-- TASK BRIEF --
Restate the listing below word for word, omitting any images.

= Beginning of Section =

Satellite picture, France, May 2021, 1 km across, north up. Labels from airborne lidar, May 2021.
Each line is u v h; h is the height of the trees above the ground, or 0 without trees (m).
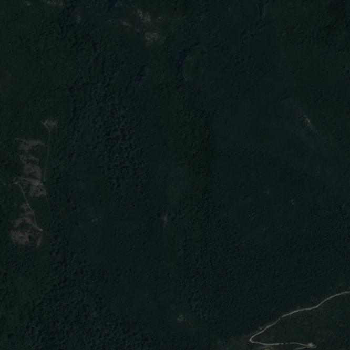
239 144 6
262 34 5
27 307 11
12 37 6
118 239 7
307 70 6
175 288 6
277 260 12
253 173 6
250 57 16
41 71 7
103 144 23
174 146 6
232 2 6
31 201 5
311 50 6
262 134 6
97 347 20
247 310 8
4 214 10
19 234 0
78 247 6
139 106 10
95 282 10
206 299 14
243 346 0
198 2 6
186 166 5
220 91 6
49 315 18
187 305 12
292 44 6
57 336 15
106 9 6
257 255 11
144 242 7
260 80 6
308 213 10
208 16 7
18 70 7
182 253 11
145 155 8
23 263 9
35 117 7
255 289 7
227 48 8
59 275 18
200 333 7
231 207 5
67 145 22
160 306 7
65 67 7
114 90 15
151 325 6
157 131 6
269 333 7
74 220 6
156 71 8
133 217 6
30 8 8
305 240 11
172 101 8
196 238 7
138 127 7
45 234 6
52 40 7
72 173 6
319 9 6
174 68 17
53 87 9
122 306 5
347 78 7
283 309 9
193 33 7
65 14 17
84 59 15
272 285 6
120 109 27
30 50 7
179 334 6
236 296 11
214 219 6
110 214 6
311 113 6
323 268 9
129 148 21
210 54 7
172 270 6
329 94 6
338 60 5
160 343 21
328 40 13
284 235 7
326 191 8
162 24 6
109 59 8
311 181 6
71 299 25
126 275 7
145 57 6
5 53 6
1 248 6
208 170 12
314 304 7
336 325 9
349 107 6
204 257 16
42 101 6
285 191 5
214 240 10
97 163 6
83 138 7
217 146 6
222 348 0
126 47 12
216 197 6
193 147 14
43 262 6
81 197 6
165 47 6
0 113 8
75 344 23
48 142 6
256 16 6
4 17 6
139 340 28
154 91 6
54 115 7
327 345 7
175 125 7
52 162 10
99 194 6
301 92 5
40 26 14
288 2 7
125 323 14
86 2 7
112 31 7
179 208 7
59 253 18
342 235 7
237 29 6
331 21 11
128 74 5
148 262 6
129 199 6
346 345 13
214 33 6
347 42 12
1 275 15
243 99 6
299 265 6
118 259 5
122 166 8
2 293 13
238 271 7
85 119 23
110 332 7
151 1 7
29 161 6
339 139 5
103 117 20
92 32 19
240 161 6
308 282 13
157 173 6
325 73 7
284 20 5
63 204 18
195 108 14
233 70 7
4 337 12
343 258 6
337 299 7
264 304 5
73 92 21
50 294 24
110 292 6
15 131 7
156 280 8
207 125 15
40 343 24
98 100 12
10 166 12
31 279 7
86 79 21
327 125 6
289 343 8
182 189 6
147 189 8
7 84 6
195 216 9
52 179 9
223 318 11
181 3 14
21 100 5
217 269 15
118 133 23
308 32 7
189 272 11
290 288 11
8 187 8
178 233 7
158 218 7
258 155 6
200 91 8
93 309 26
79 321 14
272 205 6
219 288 12
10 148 8
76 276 19
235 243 15
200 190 8
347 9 7
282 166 6
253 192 6
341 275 8
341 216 7
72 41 12
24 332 10
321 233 10

= End of Section =

-- FINISHED EXERCISE --
Satellite picture, France, May 2021, 1 km across, north up. Labels from airborne lidar, May 2021.
Each line is u v h; h is the height of the trees above the ground, or 0 without trees (m).
239 144 6
262 34 5
27 307 11
12 37 6
118 239 7
307 70 6
175 288 6
277 260 12
253 173 6
250 57 16
41 71 7
103 144 23
174 146 6
232 2 6
31 201 5
311 50 6
262 134 6
97 347 20
247 310 8
4 214 10
19 234 0
78 247 6
139 106 10
95 282 10
206 299 14
243 346 0
198 2 6
186 166 5
220 91 6
49 315 18
187 305 12
292 44 6
57 336 15
106 9 6
257 255 11
144 242 7
260 80 6
308 213 10
208 16 7
18 70 7
182 253 11
145 155 8
23 263 9
35 117 7
255 289 7
227 48 8
59 275 18
200 333 7
231 207 5
67 145 22
160 306 7
65 67 7
114 90 15
151 325 6
157 131 6
269 333 7
74 220 6
156 71 8
133 217 6
30 8 8
305 240 11
172 101 8
196 238 7
138 127 7
45 234 6
52 40 7
72 173 6
319 9 6
174 68 17
53 87 9
122 306 5
347 78 7
283 309 9
193 33 7
65 14 17
84 59 15
272 285 6
120 109 27
30 50 7
179 334 6
236 296 11
214 219 6
110 214 6
311 113 6
323 268 9
129 148 21
210 54 7
172 270 6
329 94 6
338 60 5
160 343 21
328 40 13
284 235 7
326 191 8
162 24 6
109 59 8
311 181 6
71 299 25
126 275 7
145 57 6
5 53 6
1 248 6
208 170 12
314 304 7
336 325 9
349 107 6
204 257 16
42 101 6
285 191 5
214 240 10
97 163 6
83 138 7
217 146 6
222 348 0
126 47 12
216 197 6
193 147 14
43 262 6
81 197 6
165 47 6
0 113 8
75 344 23
48 142 6
256 16 6
4 17 6
139 340 28
154 91 6
54 115 7
327 345 7
175 125 7
52 162 10
99 194 6
301 92 5
40 26 14
288 2 7
125 323 14
86 2 7
112 31 7
179 208 7
59 253 18
342 235 7
237 29 6
331 21 11
128 74 5
148 262 6
129 199 6
346 345 13
214 33 6
347 42 12
1 275 15
243 99 6
299 265 6
118 259 5
122 166 8
2 293 13
238 271 7
85 119 23
110 332 7
151 1 7
29 161 6
339 139 5
103 117 20
92 32 19
240 161 6
308 282 13
157 173 6
325 73 7
284 20 5
63 204 18
195 108 14
233 70 7
4 337 12
343 258 6
337 299 7
264 304 5
73 92 21
50 294 24
110 292 6
15 131 7
156 280 8
207 125 15
40 343 24
98 100 12
10 166 12
31 279 7
86 79 21
327 125 6
289 343 8
182 189 6
147 189 8
7 84 6
195 216 9
52 179 9
223 318 11
181 3 14
21 100 5
217 269 15
118 133 23
308 32 7
189 272 11
290 288 11
8 187 8
178 233 7
158 218 7
258 155 6
200 91 8
93 309 26
79 321 14
272 205 6
219 288 12
10 148 8
76 276 19
235 243 15
200 190 8
347 9 7
282 166 6
253 192 6
341 275 8
341 216 7
72 41 12
24 332 10
321 233 10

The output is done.